Indeed OC, your version is shorter and easier to read (in my eyes too).

Whether it is more performant depends on whether the respective
compareTo method isn't too slow compared to the equals method.

On Tue, May 21, 2024 at 2:22 AM o...@ocs.cz <o...@ocs.cz> wrote:
>
> Paul,
>
> side question, completely irrelevant to the original problem, just occurred 
> to me when I read this...
>
> On 20. 5. 2024, at 17:02, Paul King <pa...@asert.com.au> wrote:
> println ([[x:1, y:100],  [x:2, y:1], [x: 2, y:500]].sort{ a, b -> a.x == b.x 
> ? a.y <=> b.y : a.x <=> b.x }) // works
>
>
> Wouldn't sort { a,b -> a.x<=>b.x ?: a.y<=>b.y } be both more efficient and 
> better readable and intention-revealing?
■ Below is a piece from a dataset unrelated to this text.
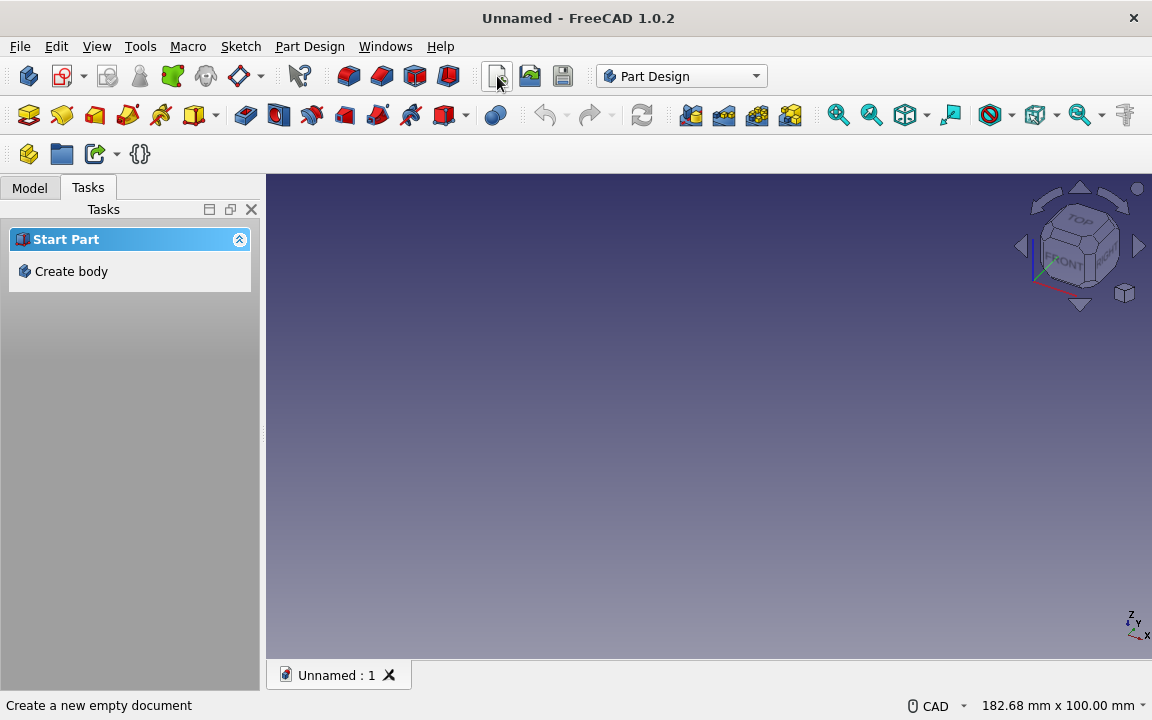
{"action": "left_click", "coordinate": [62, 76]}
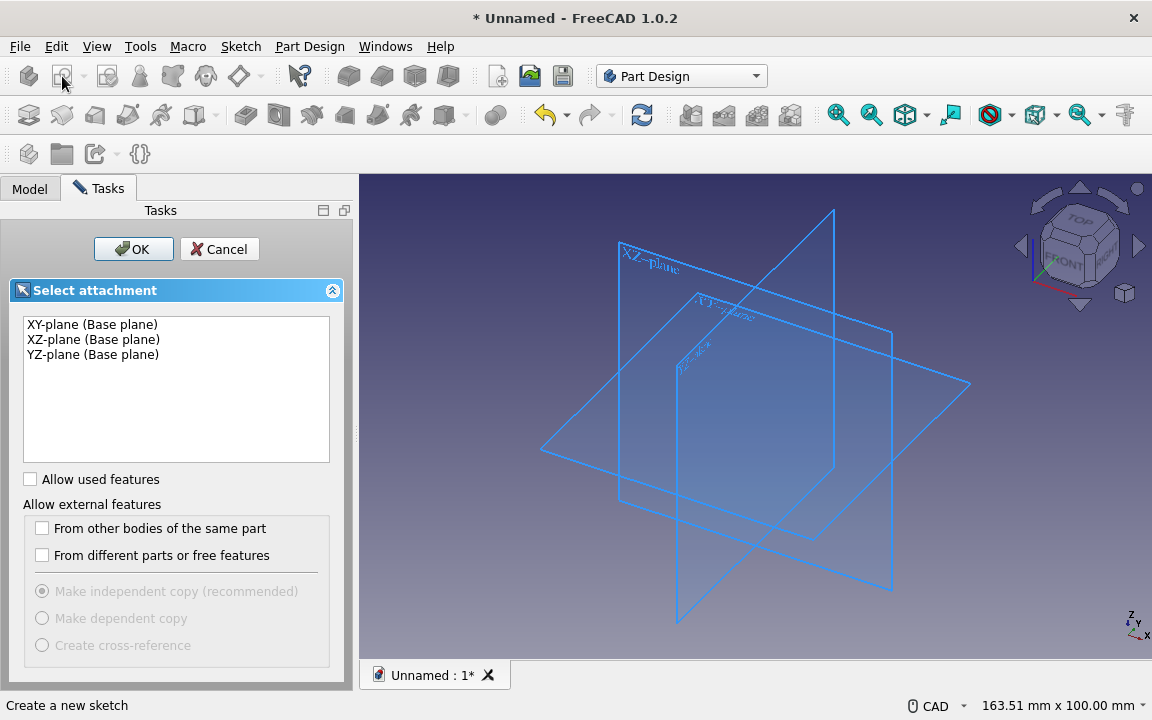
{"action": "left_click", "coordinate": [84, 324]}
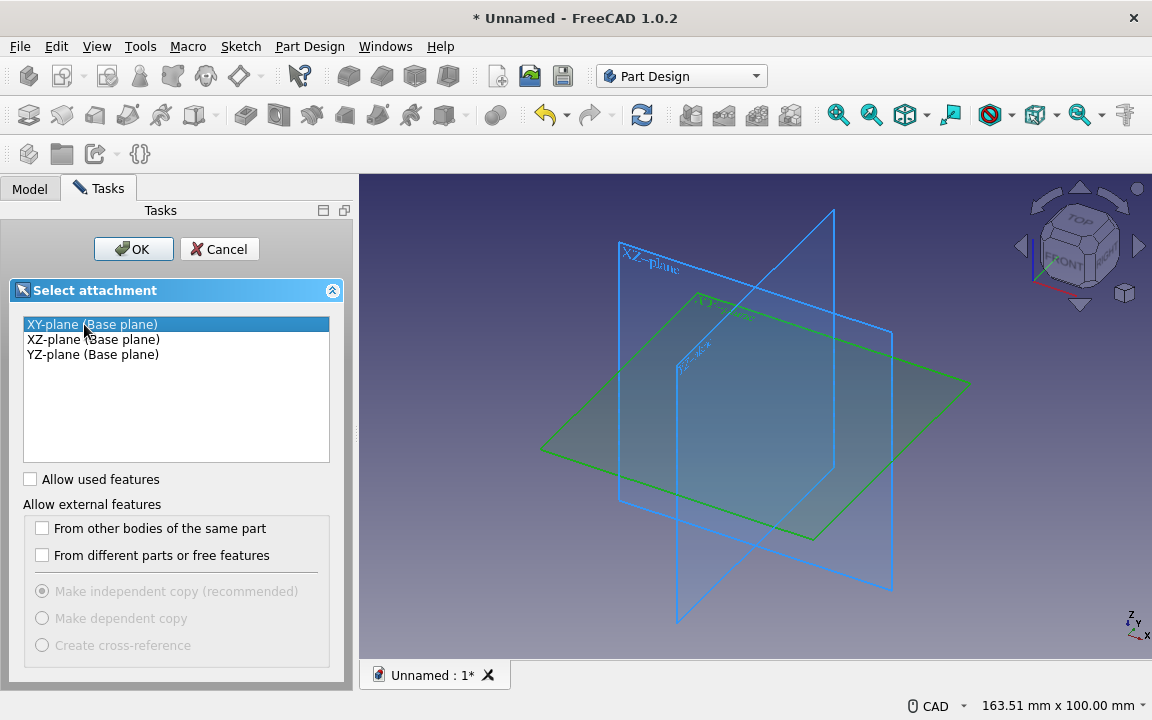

Or do I overlook some reason why it 
> would be a bad idea?
>
> Thanks,
> OC
>
>
> On Tue, May 21, 2024 at 12:52 AM Paul King <pa...@asert.com.au> wrote:
>
>
> If you have only two dimensions, you'll get away with your solution
> for small integer coordinate values. Here is a counter example with
> integers:
>
> println ([[x:  1, y: 69273666],  [x: 69273666, y: 1]].sort{[it.x,
> it.y]}) // broken
> println ([[x:  1, y: 69273666],  [x: 69273666, y: 1]].sort{ a, b ->
> a.x == b.x ? a.y <=> b.y : a.x <=> b.x }) // works
>
> On Tue, May 21, 2024 at 12:25 AM M.v.Gulik <mvgu...@gmail.com> wrote:
>
>
>
> On Mon, 20 May 2024 at 15:40, Paul King <pa...@asert.com.au> wrote:
>
>
> What sort result are you trying to achieve? There should be no need to
> perform any recursion.
>
>
>
> Main target was reordering some set of randomly ordered x,y coordinates into 
> (for example*) a x,y(left to right, top to bottom) order (*:where any of the 
> actual sort directions could be easily flipped).
>
> So far "*.sort{[it.y, it.x]}" seems the best and easiest way to do this 
> (despite its Float/Double caveat).